Although considerable infiltration of phagocytic macrophages is observed in newly formed GMLs in early MS (Lucchinetti et al., 2011; Popescu and Lucchinetti, 2012), few infiltrating macrophages are observed in GMLs from progressive cases (Bo et al., 2003a). Cells with the morphology of activated microglia are observed to account for over 90% of phagocytic cells in chronic active GMLs (Peterson et al., 2001). The role of microglia in GML formation and development is unclear, as many studies have focused on WMLs, and it is uncertain to what extent, if any, the pathogenesis of WMLs and GMLs differs. Phagocytosis of myelin by microglia is thought to be a key contributing process to demyelination. Evidence of several mechanisms of demyelination have been detected in active WMLs from biopsies and autopsy material from MS cases of short duration (Lucchinetti et al., 2000), but it is suggested that the dominant mechanism in established MS WMLs becomes antibody- and complement-mediated phagocytosis (Breij et al., 2008). Microglial expression of the complement receptor CR3 allows activation of the complement cascade and phagocytosis, following binding with complement components deposited on myelin sheaths (Smith, 2001). However, the role of complement in GML pathogenesis is controversial, since significant deposition of complement fragments was not observed in purely cortical lesions (Brink et al., 2005). Microglia are known to phagocytose myelin via expression of Fc receptors, the rate of which is increased in vitro by the addition of antibodies specific for myelin components, suggesting a dependence on autoantibodies in vivo (Smith, 2001). Activation of microglia by infiltrating autoreactive T cells has also been shown to increase phagocytosis of myelin by microglia (Nielsen et al., 2009). In addition, Fc receptor- mediated phagocytosis leads to ROS production (Ueyama et al., 2004), resulting in the release of glutamate and excitotoxic damage, to which oligodendrocytes are highly susceptible (Mcdonald et al., 1998; Werner et al., 2001; Barger et al., 2007; Sierra et al., 2013). Secretion of cytokines and cytotoxic inflammatory mediators by activated microglia may also contribute to pathology and oligodendrocyte loss, since microglial activation by TNF in vitro induced production of nitric oxide, TNF and ROS (Kuno et al., 2005).

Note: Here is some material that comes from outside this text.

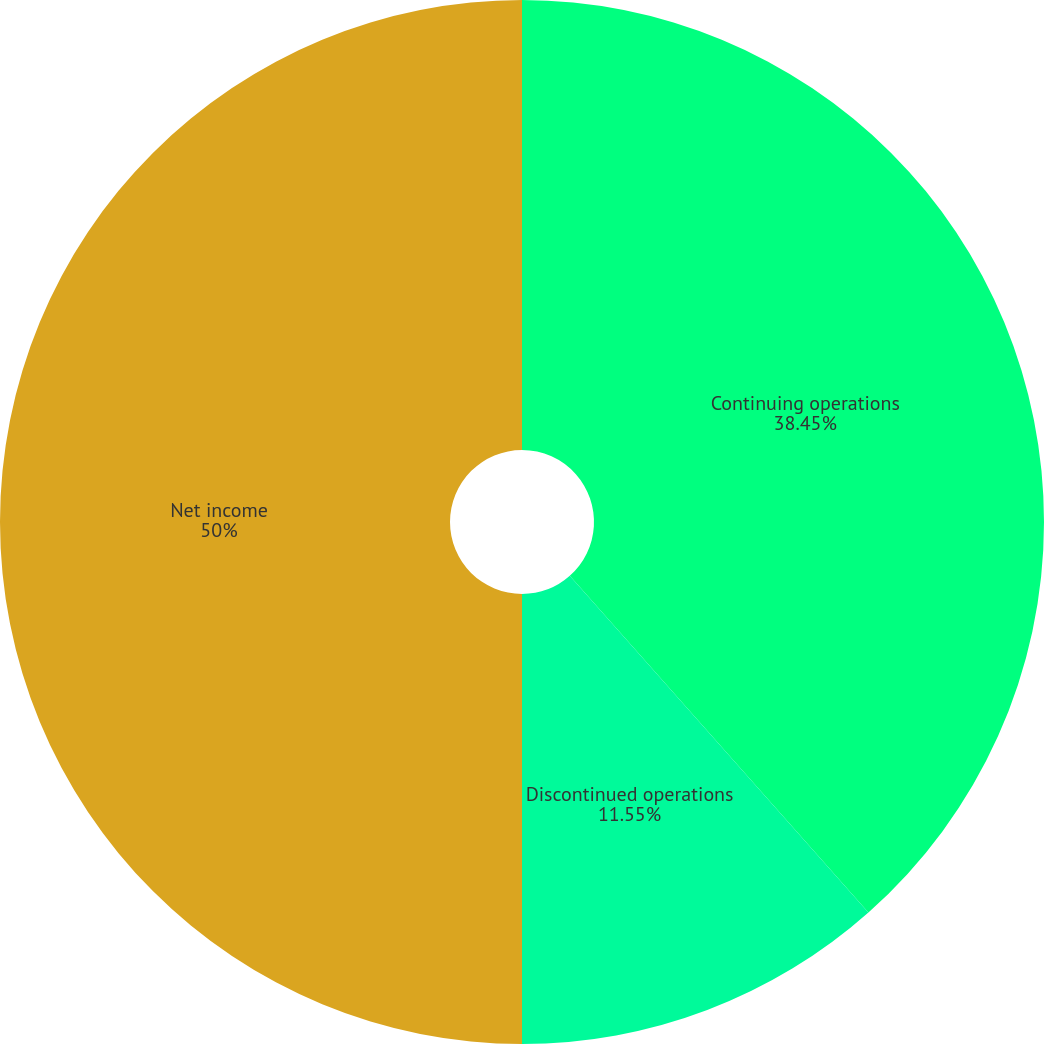<chart> <loc_0><loc_0><loc_500><loc_500><pie_chart><fcel>Continuing operations<fcel>Discontinued operations<fcel>Net income<nl><fcel>38.45%<fcel>11.55%<fcel>50.0%<nl></chart>

In addition to possible roles in the pathogenesis of MS, microglia and macrophages are also important for regenerative processes, and microglial expression of neurotrophic factors may

contribute to neuroprotection (Batchelor et al., 1999). The varied functions and phenotypes of microglia and macrophages can be characterised by the M1 (pro-inflammatory) – M2 (anti- inflammatory) paradigm, where the classical inflammatory functions, including secretion of pro- inflammatory cytokines and antigen presentation, are associated with polarization to the M1 phenotype, while the M2 phenotype is associated with regenerative functions and the secretion of anti-inflammatory cytokines and growth factors (Bogie et al., 2014). During remyelination, microglia and macrophages switch from the M1 to the M2 phenotype, which has been shown to drive oligodendrocyte differentiation and is crucial for efficient remyelination (Miron et al., 2013). In addition, microglia may promote remyelination through phagocytosis of cellular and myelin debris, which inhibit axonal regeneration and OPC maturation (Robinson and Miller, 1999; Wang et al., 2002; Kotter et al., 2006; Plemel et al., 2013).